Trace Fingerprinting¶
Assay computes a fingerprint (hash) of each trace to detect changes:
If the underlying trace changes, the cache invalidates and tests re-run. This ensures you're always testing against the current baseline.
Working with Traces¶
Inspect a Trace¶
# List all tools in a trace
awk -F'"' '/"tool"/ {print $4}' traces/golden.jsonl | sort | uniq -c
# Output:
# 5 get_customer
# 2 update_customer
# 1 send_email
Validate a Trace¶
# Check trace format is valid
assay trace verify --trace traces/golden.jsonl --config eval.yaml
# Output:
# ✅ Trace verifies against config coverage
Compare Traces¶
# Diff two traces
diff -u traces/v1.jsonl traces/v2.jsonl
# Output:
# + Added: delete_customer (1 call)
# - Removed: verify_identity (was 1 call)
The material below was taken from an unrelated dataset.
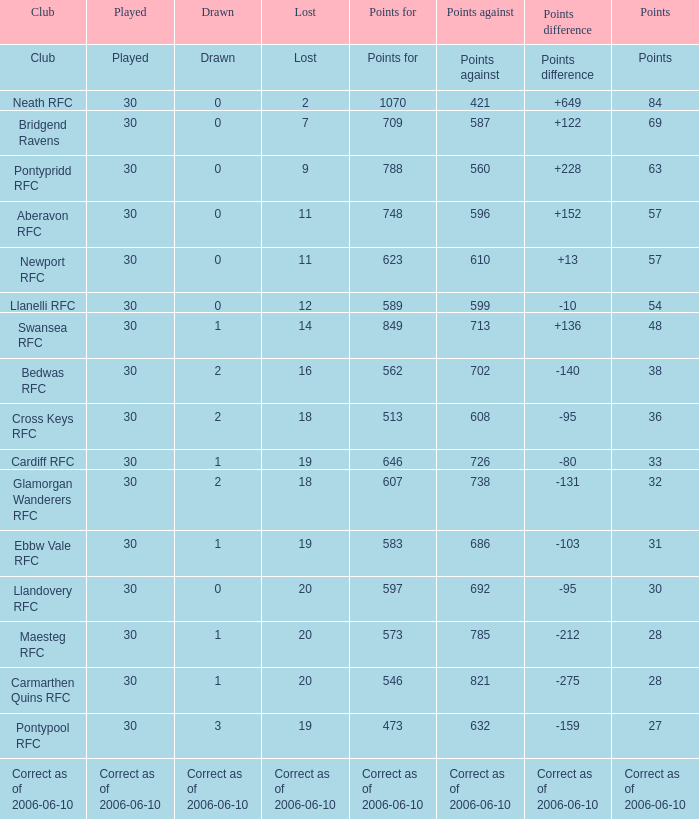What is Points Against, when Drawn is "2", and when Points Of is "32"? 738.0. Write the full table. {'header': ['Club', 'Played', 'Drawn', 'Lost', 'Points for', 'Points against', 'Points difference', 'Points'], 'rows': [['Club', 'Played', 'Drawn', 'Lost', 'Points for', 'Points against', 'Points difference', 'Points'], ['Neath RFC', '30', '0', '2', '1070', '421', '+649', '84'], ['Bridgend Ravens', '30', '0', '7', '709', '587', '+122', '69'], ['Pontypridd RFC', '30', '0', '9', '788', '560', '+228', '63'], ['Aberavon RFC', '30', '0', '11', '748', '596', '+152', '57'], ['Newport RFC', '30', '0', '11', '623', '610', '+13', '57'], ['Llanelli RFC', '30', '0', '12', '589', '599', '-10', '54'], ['Swansea RFC', '30', '1', '14', '849', '713', '+136', '48'], ['Bedwas RFC', '30', '2', '16', '562', '702', '-140', '38'], ['Cross Keys RFC', '30', '2', '18', '513', '608', '-95', '36'], ['Cardiff RFC', '30', '1', '19', '646', '726', '-80', '33'], ['Glamorgan Wanderers RFC', '30', '2', '18', '607', '738', '-131', '32'], ['Ebbw Vale RFC', '30', '1', '19', '583', '686', '-103', '31'], ['Llandovery RFC', '30', '0', '20', '597', '692', '-95', '30'], ['Maesteg RFC', '30', '1', '20', '573', '785', '-212', '28'], ['Carmarthen Quins RFC', '30', '1', '20', '546', '821', '-275', '28'], ['Pontypool RFC', '30', '3', '19', '473', '632', '-159', '27'], ['Correct as of 2006-06-10', 'Correct as of 2006-06-10', 'Correct as of 2006-06-10', 'Correct as of 2006-06-10', 'Correct as of 2006-06-10', 'Correct as of 2006-06-10', 'Correct as of 2006-06-10', 'Correct as of 2006-06-10']]}

# ~ Changed: update_customer arguments differ
Trace Best Practices¶
1. Use Descriptive Names¶
traces/
├── golden-customer-flow.jsonl # ✅ Clear purpose
├── edge-case-empty-cart.jsonl # ✅ Specific scenario
└── test1.jsonl # ❌ Unclear
2. Version Your Traces¶
When agent behavior changes intentionally, create new traces:
# Old baseline
traces/v1-customer-flow.jsonl
# New baseline after feature addition
traces/v2-customer-flow.jsonl
3. Keep Traces Small¶
Large traces slow down testing. Record only what's needed:
- Good: 10-50 tool calls covering critical paths
- Avoid: 1000+ calls from a full day's logs
4. Commit Golden Traces¶
Your "golden" traces should be in version control:
Trace vs. Live Testing¶
| Aspect | Trace Replay | Live LLM Call |
|---|---|---|
| Speed | 3ms | 3+ seconds |
| Cost | $0.00 | \(0.01-\)1.00 |
| Determinism | 100% | ~80-95% |
| Network | Not required | Required |
| Use case | CI/CD, regression | Exploration, new features |
Use traces for: CI gates, regression testing, debugging production issues.
Use live calls for: Developing new features, exploring model behavior.